Source: Reuters - Wed 28th Mar 2012
Spain risks years without economic growth

Belt tightening in the board room and the living room, deep public budget cuts and anaemic bank lending may be setting Spain up for years of economic stagnation that could eventually force it to seek a bailout.

Under pressure to chop Spain's deficit to the European Union limit and stick to new fiscal rules, Prime Minister Mariano Rajoy has promised to present a budget on Friday that will be "very, very austere".

With the economy on the verge of its second recession in three years, soaring unemployment and rising borrowing costs, some economists are predicting a lost decade of growth such as the one experienced by Japan in the 1990s from which it has never fully recovered.

Others, including Italian Prime Minister Mario Monti, say Spain could drag the euro zone back into a deep crisis.

"We've signed a suicide pact in Europe by agreeing that we all need to make cuts," said Luis Garicano economist at the London School of Economics and head of Spanish think tank Fedea.

"Europe has to recognise that this is a downward spiral that's not helping anyone."

With public debt at almost 70% of GDP and one of the highest levels of private debt in the euro zone, Spain has been a focus of investors since Greece first appealed for international help in early 2010.

The economy is more than twice the size of Ireland, Greece and Portugal combined, and is seen as too large for the euro zone to let it fail.

Spanish government borrowing costs have fallen from 14-year highs reached last year but with economic fears resurfacing the risk premium over German bonds has started to rise again.

"f the government consistently runs large deficits in the midst of a very deep recession, or possibly both, then it's likely yields will rise," said Ben May of Capital Economics.

"There is a risk that eventually Spain will need to seek a bailout to borrow at reasonable rates of interest."

Rajoy's 2012 budget will include at least 35 billon euros of savings through tax hikes, wage reductions and public service cutbacks, in a bid to chop the deficit to the EU's 3% limit next year. The 2013 budget will be just as austere.


As in other European economies, domestic demand was one of the cornerstones of growth in the boom years but consumers are no longer seen as the economy's potential saviours.

Housing prices fell 11.2% in Q4 0f 2011 and may still have another 30% to go. The construction sector has haemorrhaged jobs, putting millions of low-skilled builders out of work.

Unemployment is more than double the EU average, almost half of young people cannot find a job and poverty levels are rising faster than anywhere else in Europe.
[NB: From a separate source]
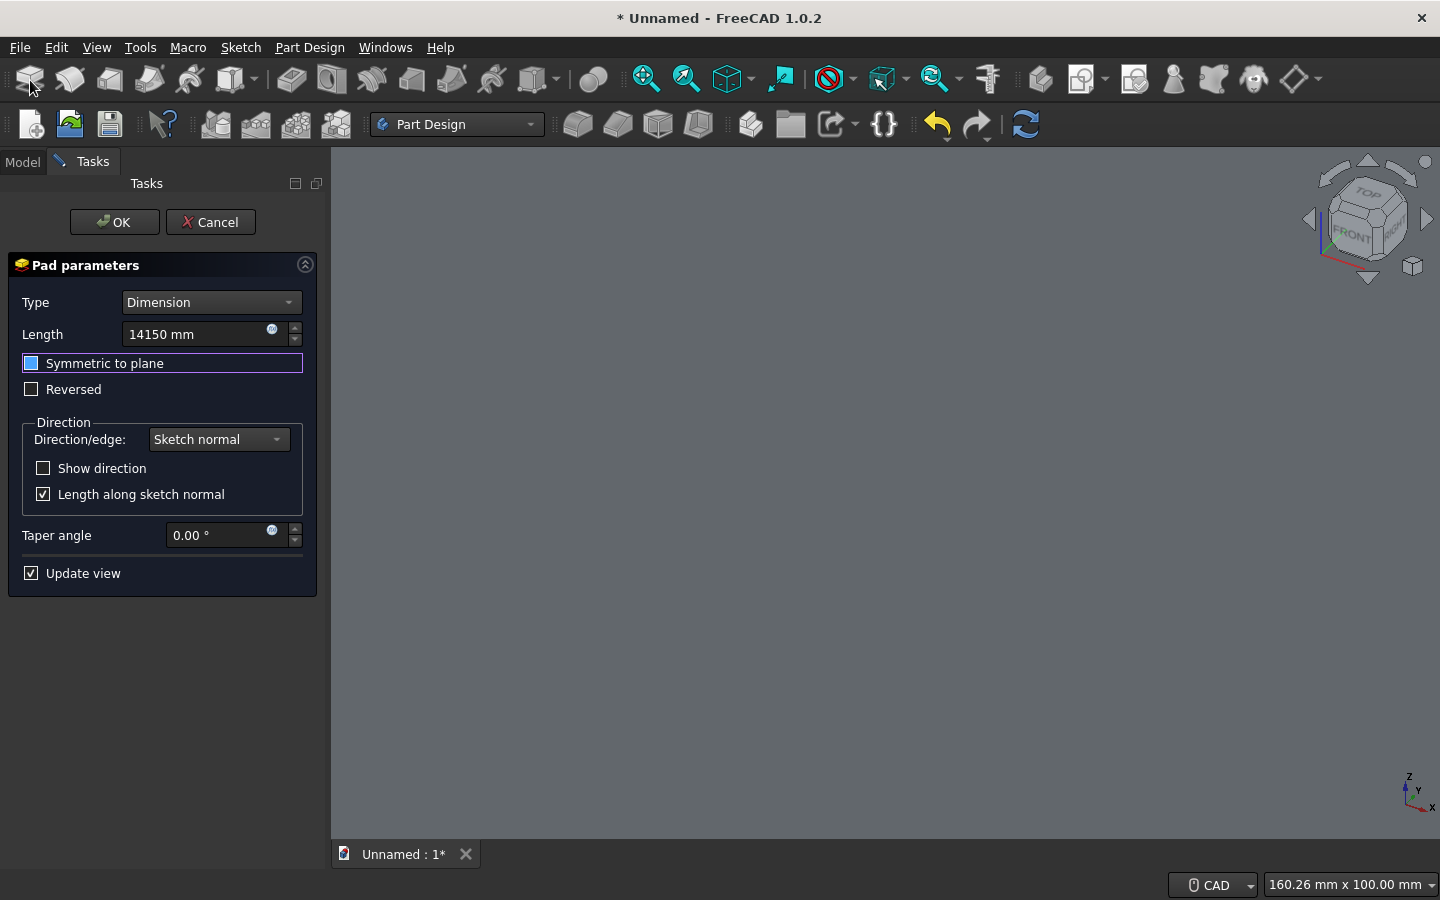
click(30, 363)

Some economists fear the outlook for the Spanish economy is worryingly similar to Japan's situation in the nineties.

A fiscal austerity drive in 1997 while the private sector was deleveraging at near zero interest rates prompted five quarters of contraction and the Japanese budget deficit ballooned.

"The recession will last much longer if the government continues to insist on fiscal consolidation when the Spanish private sector is deleveraging at the same time," Tokyo-based economist at the Nomura Research Institute Richard Koo said.

"The government should recognise that Spain is suffering from a very rare disease called balance sheet recession that happens only after the bursting of a nation-wide asset prices bubble financed with debt."

Interest rates in the euro zone are at record lows, but during a balance sheet recession, loose monetary policy will not stimulate new lending as it does during a normal economic downturn, Koo said.

"It took Japan 10 years to climb out of this policy mistake. I hate to see Spain going down the same route," he said.